### Task objective
Take the entries below and reproduce exactly the portion that begins at the line containing "Step 5: type" and ends at the line containing "Step 7: click (297, 73)", keeping both ends, dropping pictures, and adding nothing else.

*** Data shown ***

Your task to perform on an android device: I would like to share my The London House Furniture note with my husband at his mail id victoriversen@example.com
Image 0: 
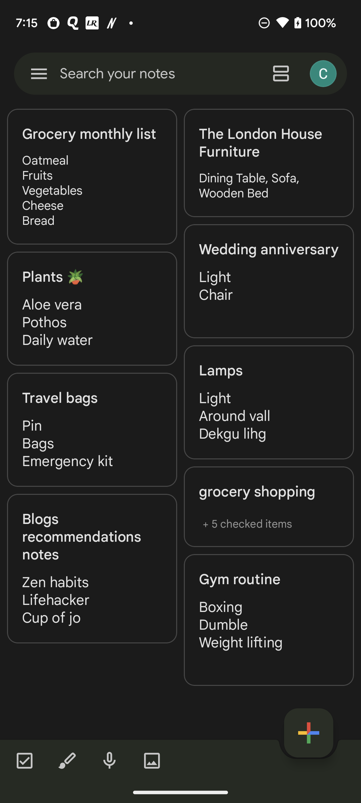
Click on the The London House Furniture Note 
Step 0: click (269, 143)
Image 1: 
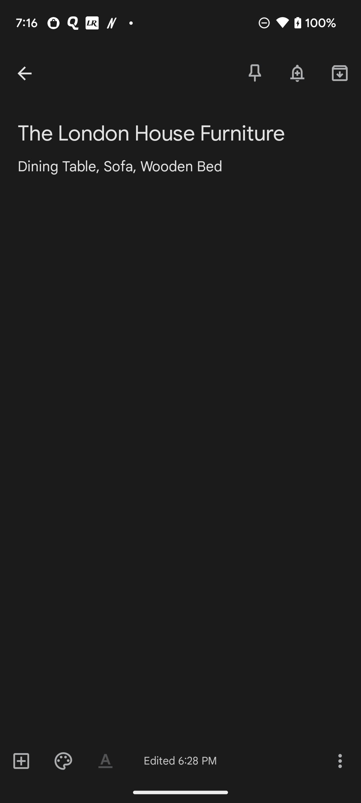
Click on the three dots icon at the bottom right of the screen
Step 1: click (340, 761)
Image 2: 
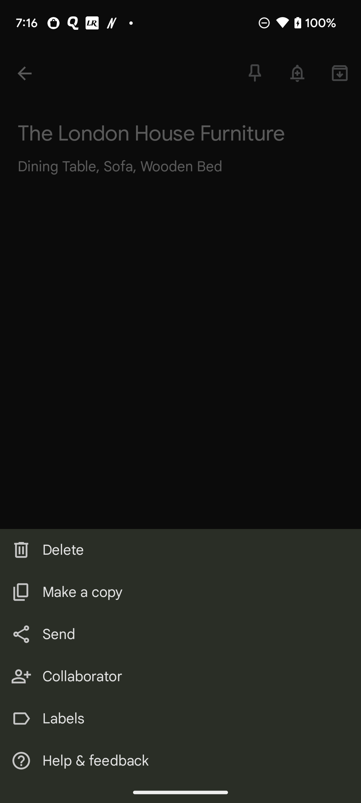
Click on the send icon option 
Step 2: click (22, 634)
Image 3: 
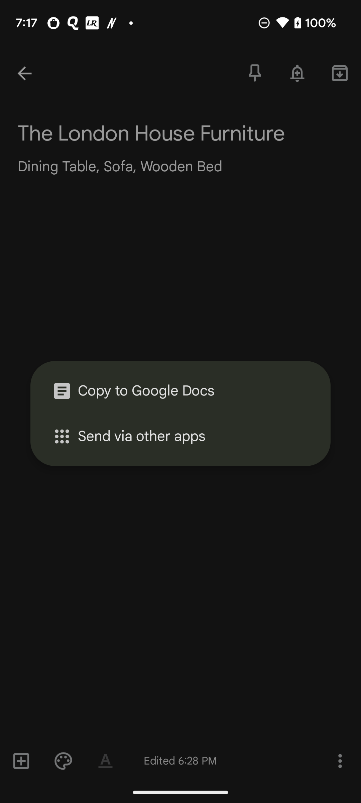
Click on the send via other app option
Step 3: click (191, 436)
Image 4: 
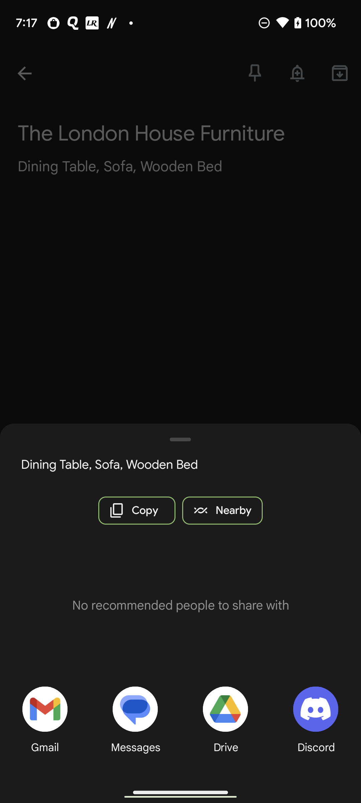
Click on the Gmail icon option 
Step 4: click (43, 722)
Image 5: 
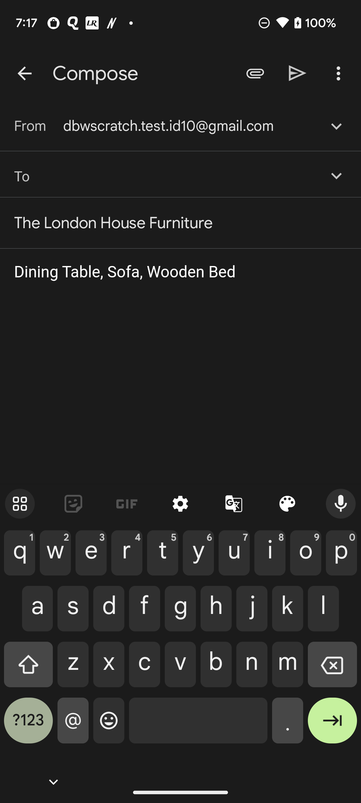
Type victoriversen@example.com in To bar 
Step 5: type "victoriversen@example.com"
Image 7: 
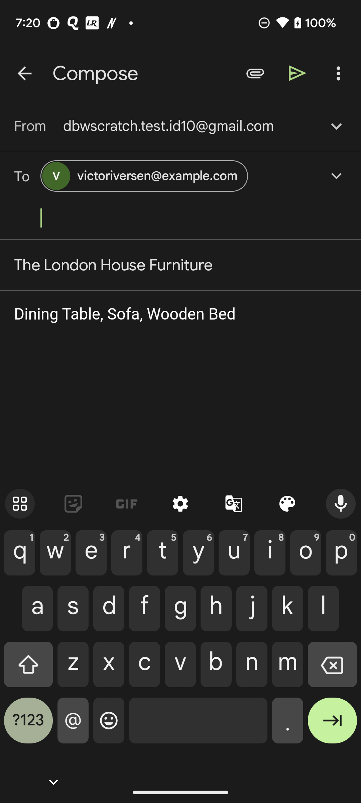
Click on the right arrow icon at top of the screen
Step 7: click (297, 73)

*** End of Data shown ***
*** Data shown ***

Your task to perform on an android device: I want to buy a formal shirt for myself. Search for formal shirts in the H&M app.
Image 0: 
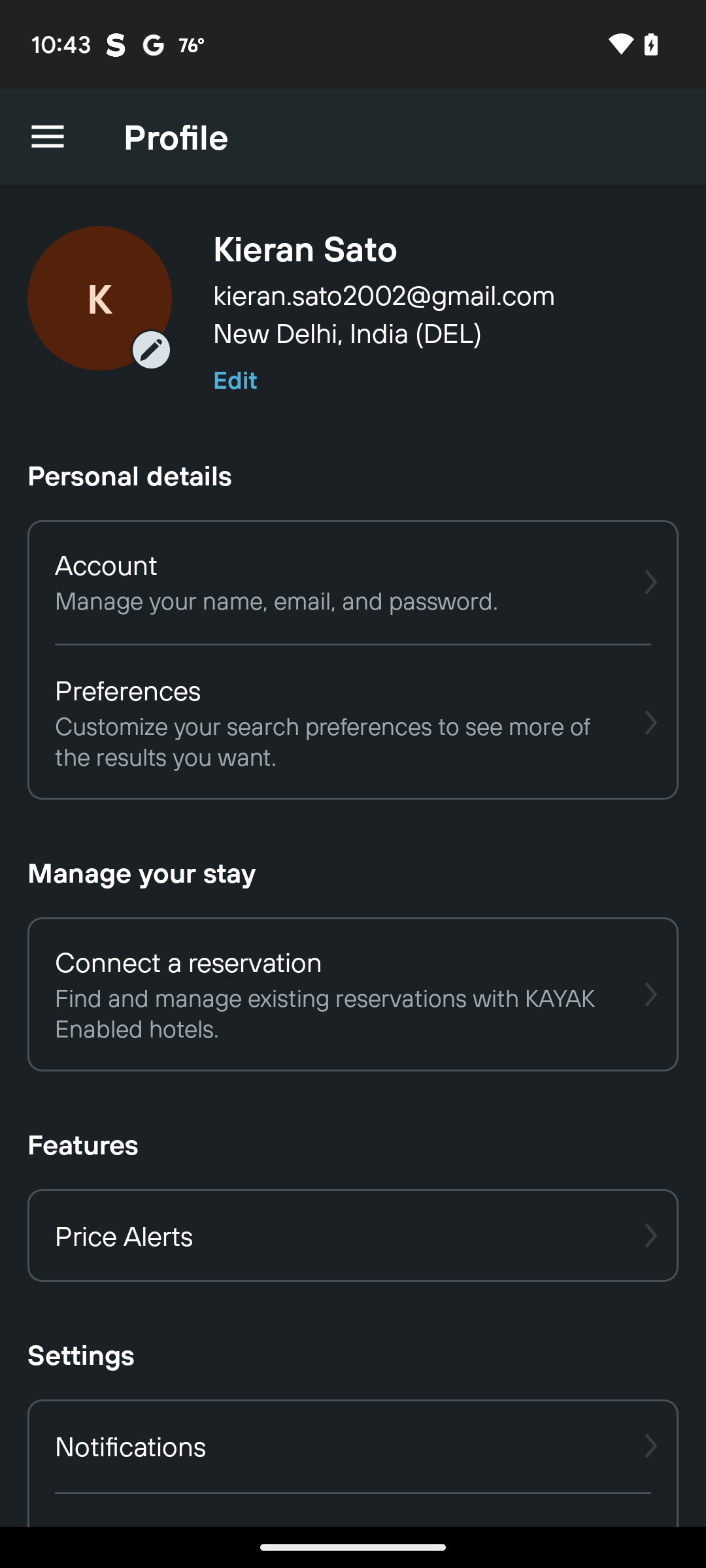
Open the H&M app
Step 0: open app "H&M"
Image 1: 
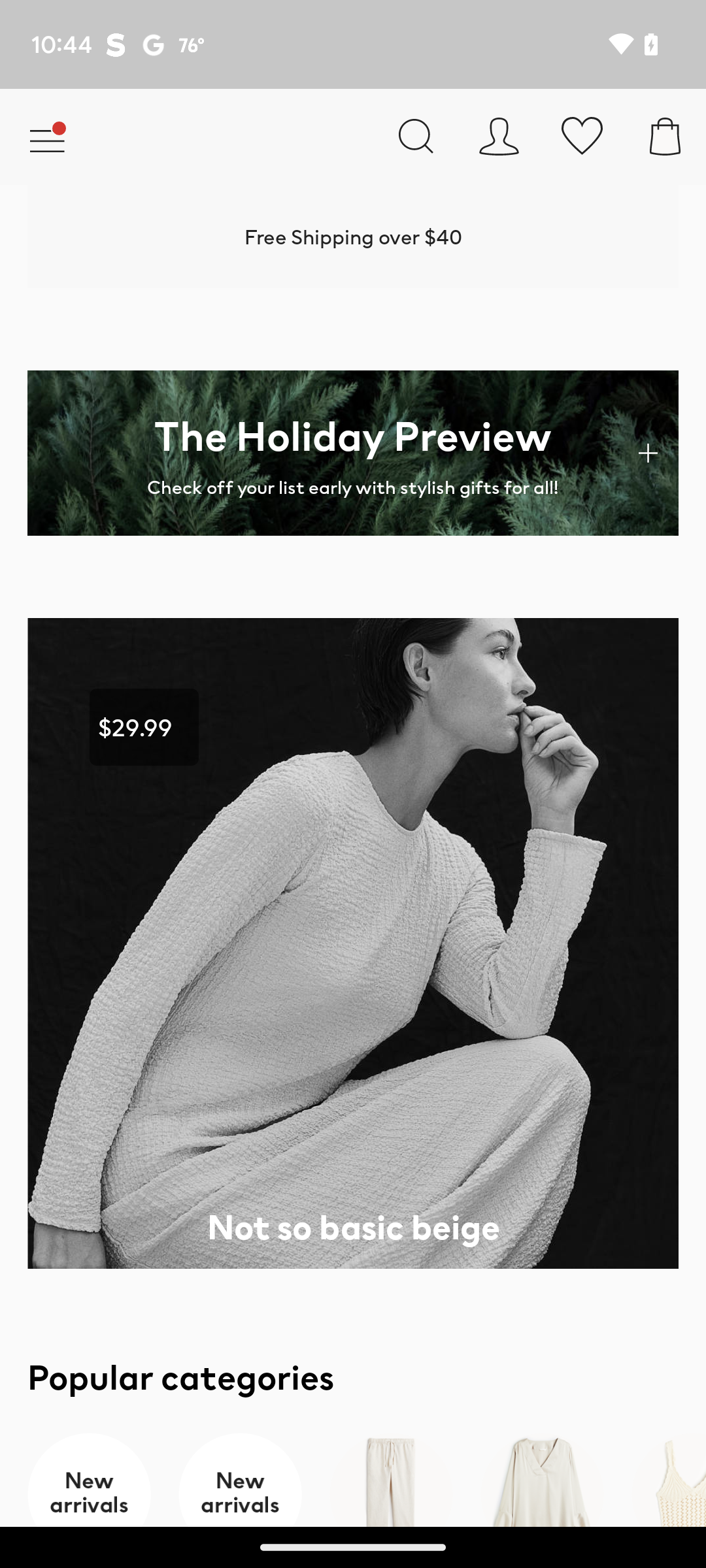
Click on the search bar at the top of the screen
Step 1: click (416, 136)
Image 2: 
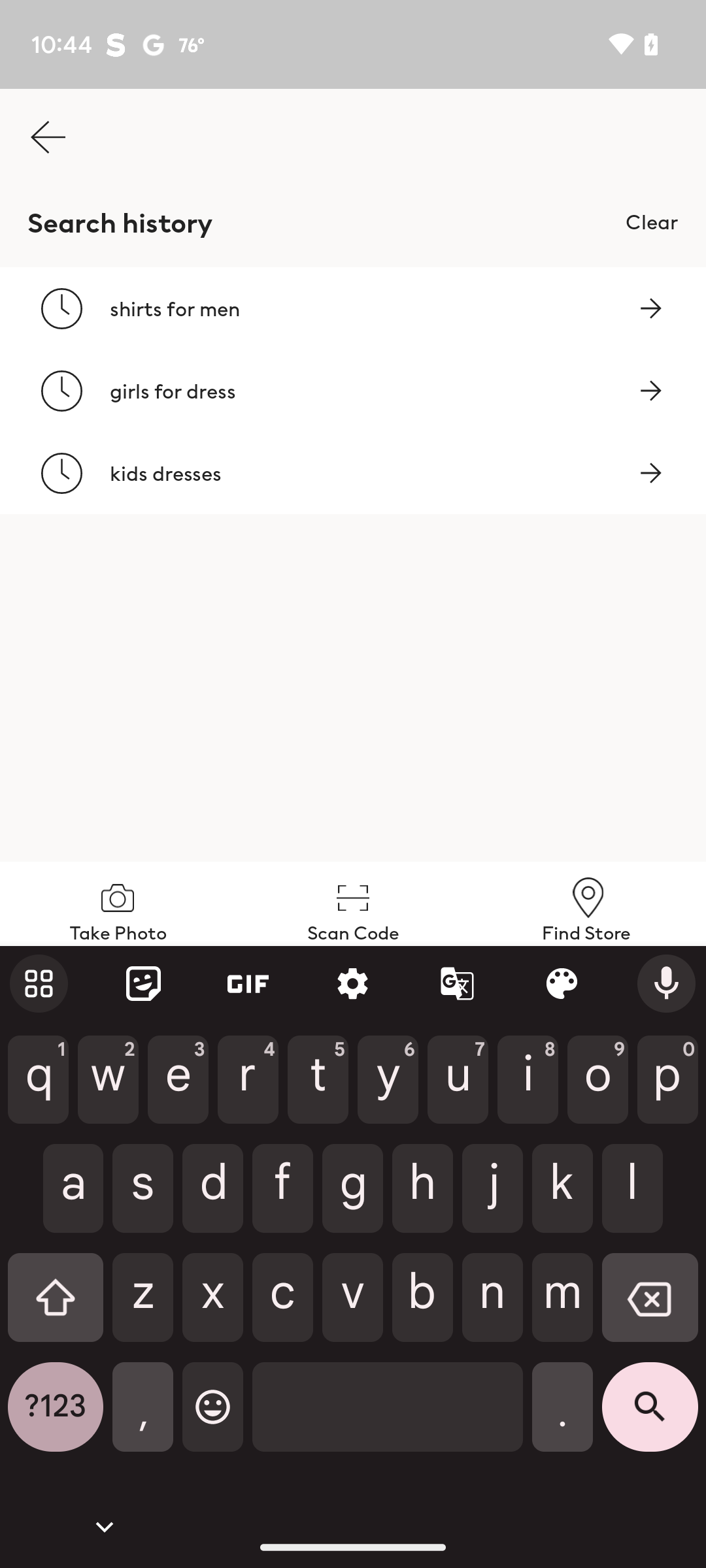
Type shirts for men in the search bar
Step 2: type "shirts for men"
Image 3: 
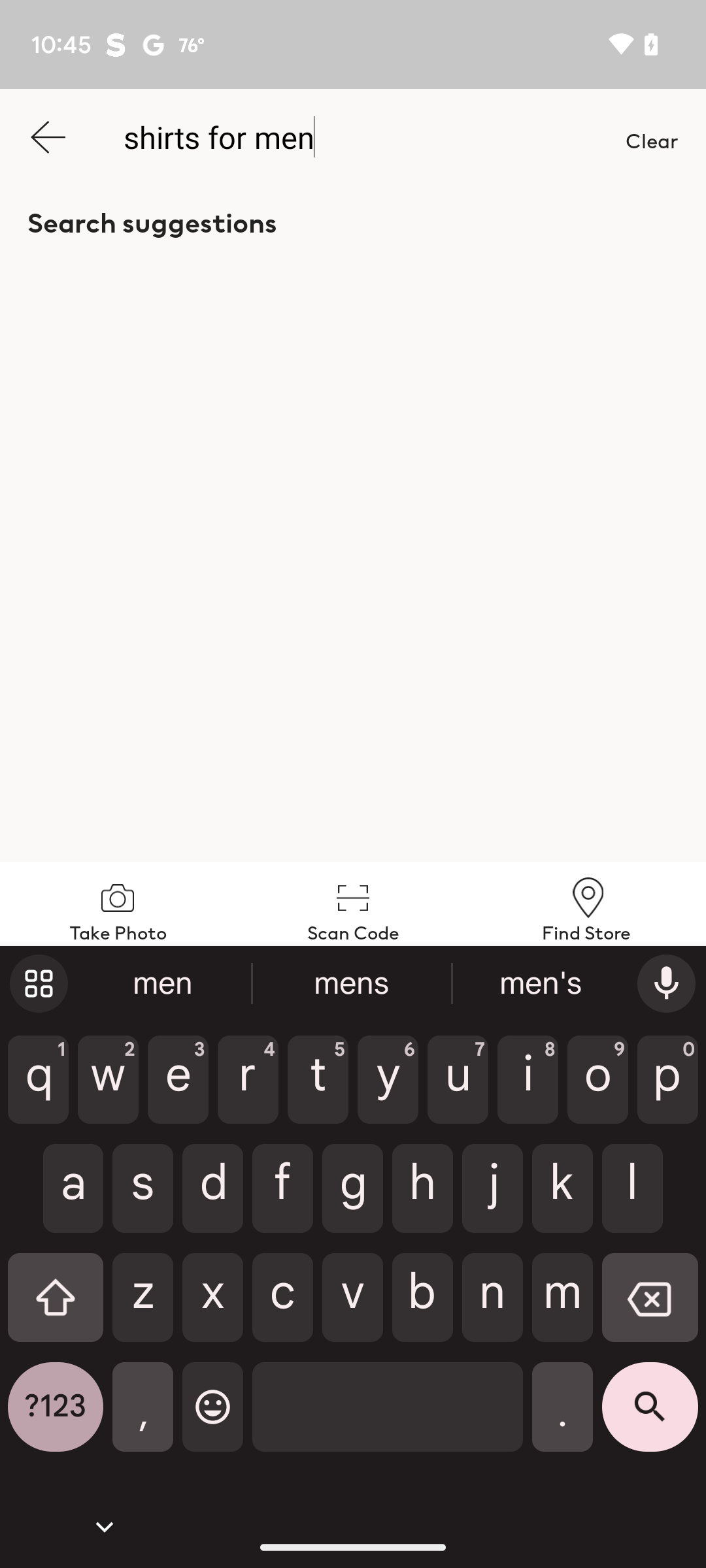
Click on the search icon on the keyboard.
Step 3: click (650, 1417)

*** End of Data shown ***

### Expected answer
Step 5: type "victoriversen@example.com"
Image 7: 
Click on the right arrow icon at top of the screen
Step 7: click (297, 73)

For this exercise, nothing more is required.